The following assignment consists of empirically estimating a discrete choice binary logit model. Specifically, I estimate the decision by women of whether to engage in an extramarital affair or not based on how religious they believe they are. By examining this relationship, we can get a better understanding on how religion or religious beliefs affect women’s decision on whether they have an extramarital affair or not.
The dataset used for the assignment contains a sample of 6366 women from the United States in the 1970s. The main dependent variable, affair, is a dummy variable for whether a woman chose to have an extramarital affair (= 1) or not (= 0) during their marriage.
After some data visualization using R, there is no missing values present in the raw data set.
Moreover, there is 6366 observations of 9 variables, including individual demographics such as age, religious level, educational attainment, number of children and occupation, and some variables regarding marriage, such as marriage satisfaction, years married, and the main dummy variable of whether the individual has ever had an extramarital affair.
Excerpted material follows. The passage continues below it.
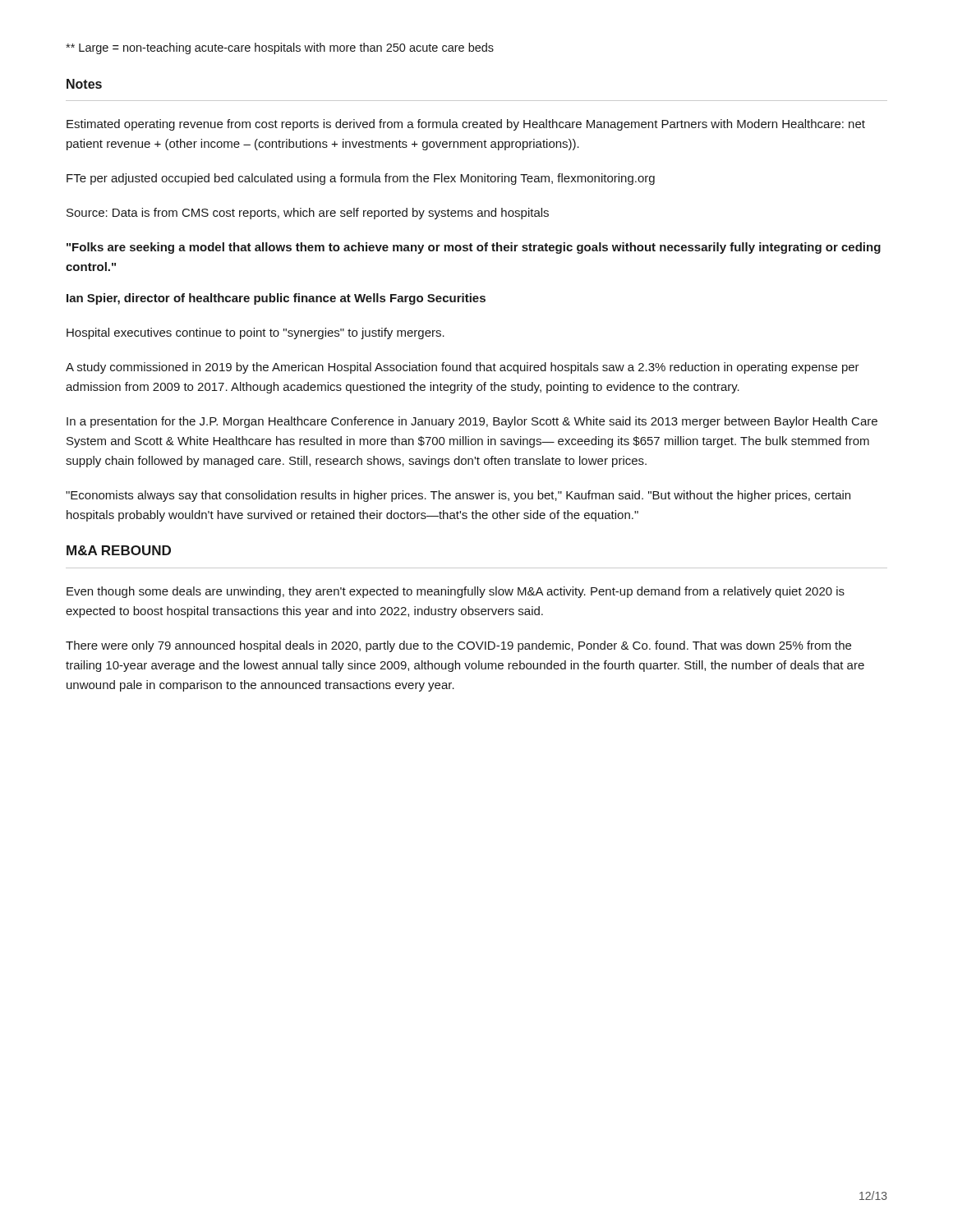Click the passage that begins "Hospital executives continue to point to "synergies""
Image resolution: width=953 pixels, height=1232 pixels.
[255, 332]

Next, to ensure the proper interpretation of the variables’ values, I converted the education, occupation and occupation of husband variables into categorical variables. For instance, the education variable initially consisted of six different numerical values, which were linked to specific educational categories:
9 = grade school
12 = high school
14 = some college
16 = college graduate
17 = some graduate school
20 = advanced degree
Using numerical values for education might lead to incorrect interpretations in summary statistics or regression analysis, as these numbers represent categories rather than continuous numerical values. Treating them as numerical would imply a meaningful ordering or distance between categories, which is not appropriate for categorical variables. Therefore, by converting education, occupation and occupation of husband into categorical variables, we can accurately capture the different educational levels and occupations, and avoid misleading interpretations of coefficients or statistical results.
## CHANGE EDUC VAR TO CHAR ##
# transform var as char
df_affair$educ <- as.character(df_affair$educ)
# change value names
df_affair$educ[df_affair$educ == "9"] <- "grade school"
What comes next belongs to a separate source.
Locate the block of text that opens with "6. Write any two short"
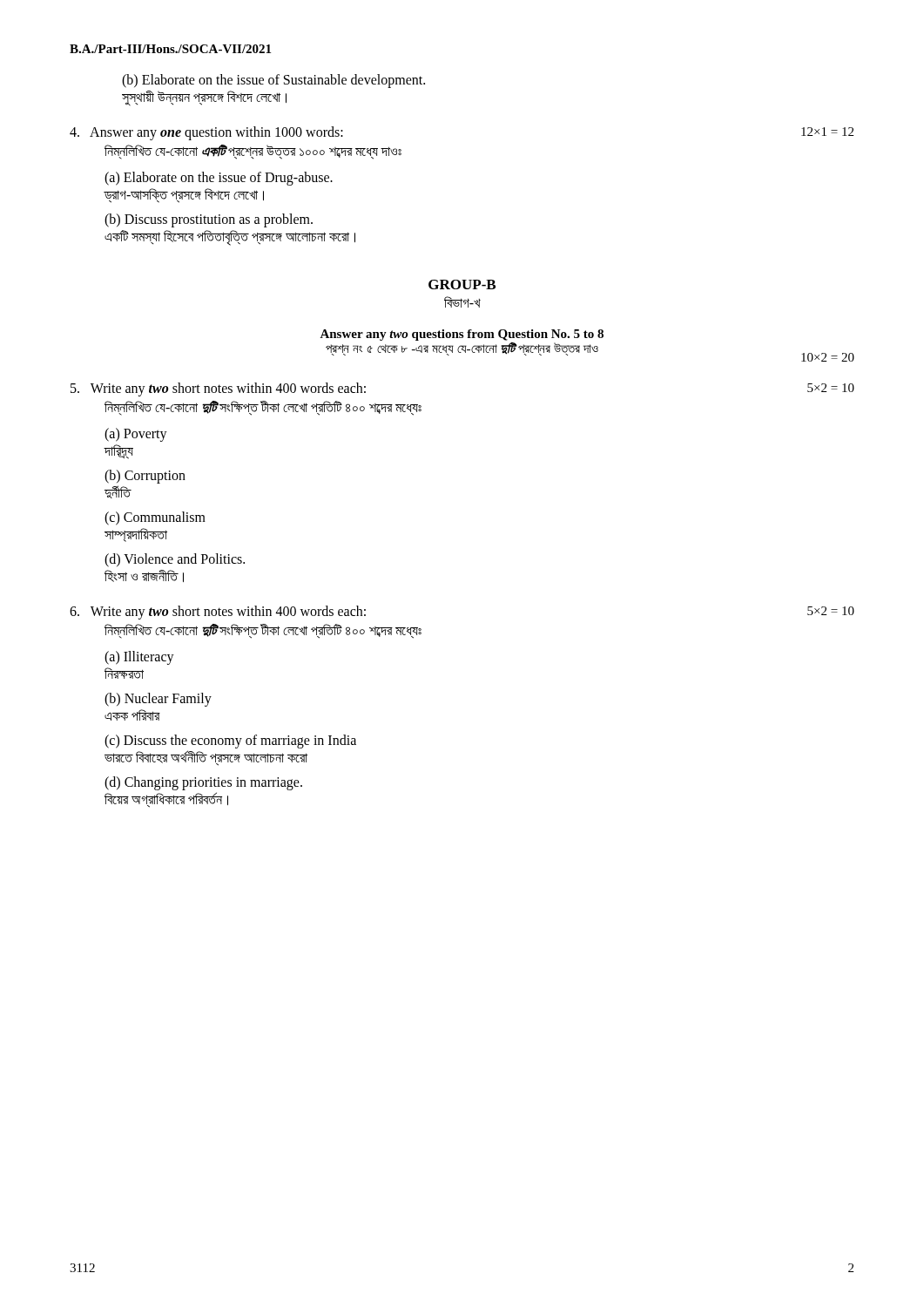The height and width of the screenshot is (1307, 924). (x=219, y=612)
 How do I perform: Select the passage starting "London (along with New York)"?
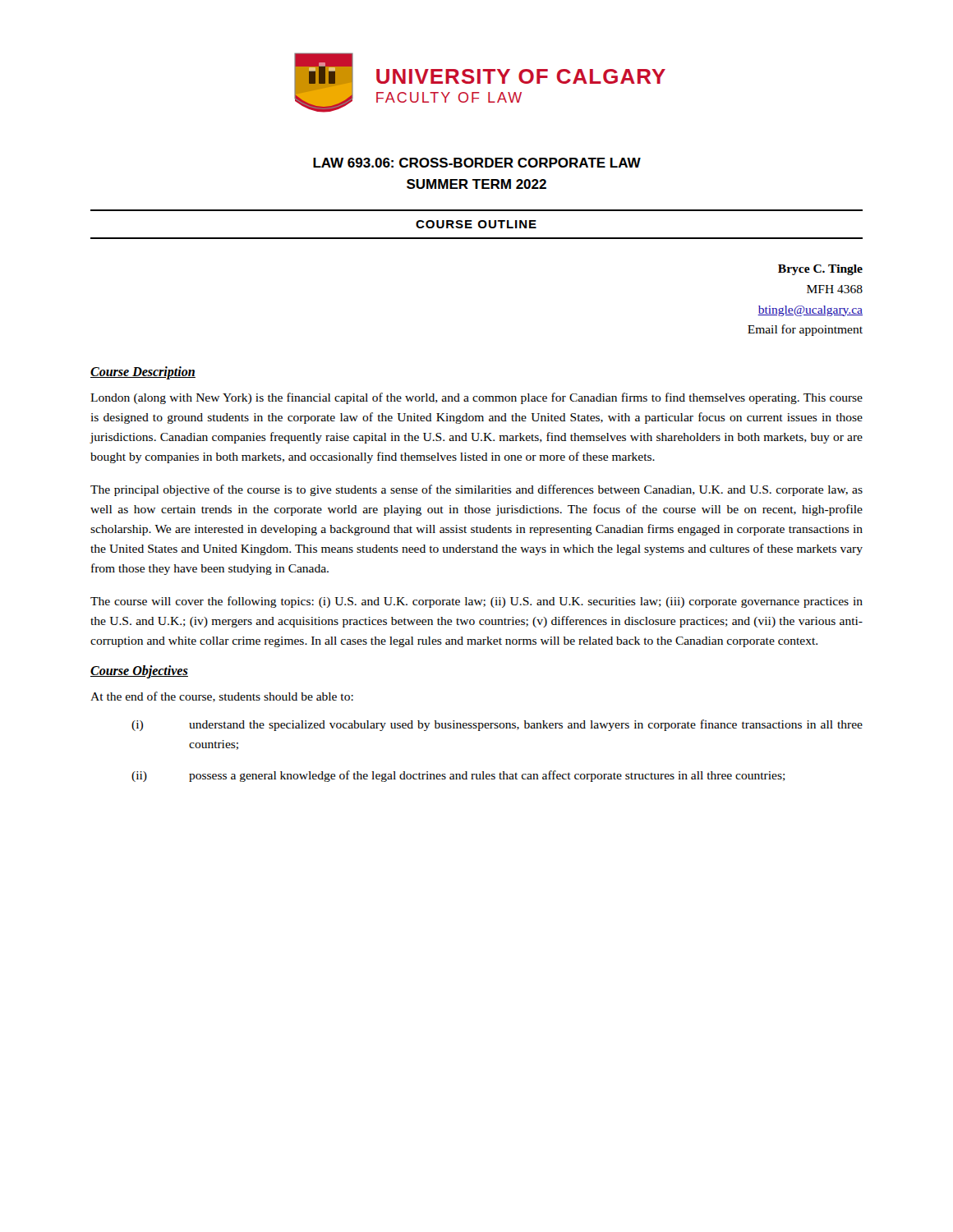pos(476,427)

df_affair$educ[df_affair$educ == "12"] <- "highschool"
df_affair$educ[df_affair$educ == "14"] <- "some college"
df_affair$educ[df_affair$educ == "16"] <- "college graduate"
df_affair$educ[df_affair$educ == "17"] <- "some graduate school"
df_affair$educ[df_affair$educ == "20"] <- "advanced degree"
## CHANGE OCCUPATION VAR TO CHAR ##
# transform var as char
df_affair$occupation <- as.character(df_affair$occupation)
df_affair$occupation_husb <- as.character(df_affair$occupation_husb)
# change value names
df_affair$occupation[df_affair$occupation == "1"] <- "student"
df_affair$occupation[df_affair$occupation == "2"] <- "unskilled or semiskilled"
df_affair$occupation[df_affair$occupation == "3"] <- "whitecollar"
df_affair$occupation[df_affair$occupation == "4"] <- "skilled"
df_affair$occupation[df_affair$occupation == "5"] <- "business"
df_affair$occupation[df_affair$occupation == "6"] <- "professional"
###
df_affair$occupation_husb[df_affair$occupation_husb == "1"] <- "student"
df_affair$occupation_husb[df_affair$occupation_husb == "2"] <- "unskilled or semiskilled"
df_affair$occupation_husb[df_affair$occupation_husb == "3"] <- "whitecollar"
df_affair$occupation_husb[df_affair$occupation_husb == "4"] <- "skilled"
df_affair$occupation_husb[df_affair$occupation_husb == "5"] <- "business"
df_affair$occupation_husb[df_affair$occupation_husb == "6"] <- "professional"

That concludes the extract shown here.